# [PROBLEM TO SOLVE]
The lines to reproduce from the material below are those from the one containing "Answer: XOR and" through the one containing "Answer: Corrected Data", both included; write them out exactly and add nothing.

# [EXERCISE MATERIALS]
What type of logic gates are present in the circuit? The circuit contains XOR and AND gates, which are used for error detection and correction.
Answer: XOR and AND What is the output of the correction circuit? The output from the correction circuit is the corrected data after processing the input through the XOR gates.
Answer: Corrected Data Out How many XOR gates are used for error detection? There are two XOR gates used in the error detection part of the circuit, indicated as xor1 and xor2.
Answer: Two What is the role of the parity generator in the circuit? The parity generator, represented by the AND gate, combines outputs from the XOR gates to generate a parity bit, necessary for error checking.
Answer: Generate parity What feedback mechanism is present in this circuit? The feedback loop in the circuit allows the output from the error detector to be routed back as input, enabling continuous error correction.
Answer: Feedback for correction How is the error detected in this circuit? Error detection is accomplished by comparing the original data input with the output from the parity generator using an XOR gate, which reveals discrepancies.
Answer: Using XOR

# [REPLY]
Answer: XOR and AND What is the output of the correction circuit? The output from the correction circuit is the corrected data after processing the input through the XOR gates.
Answer: Corrected Data Out How many XOR gates are used for error detection? There are two XOR gates used in the error detection part of the circuit, indicated as xor1 and xor2.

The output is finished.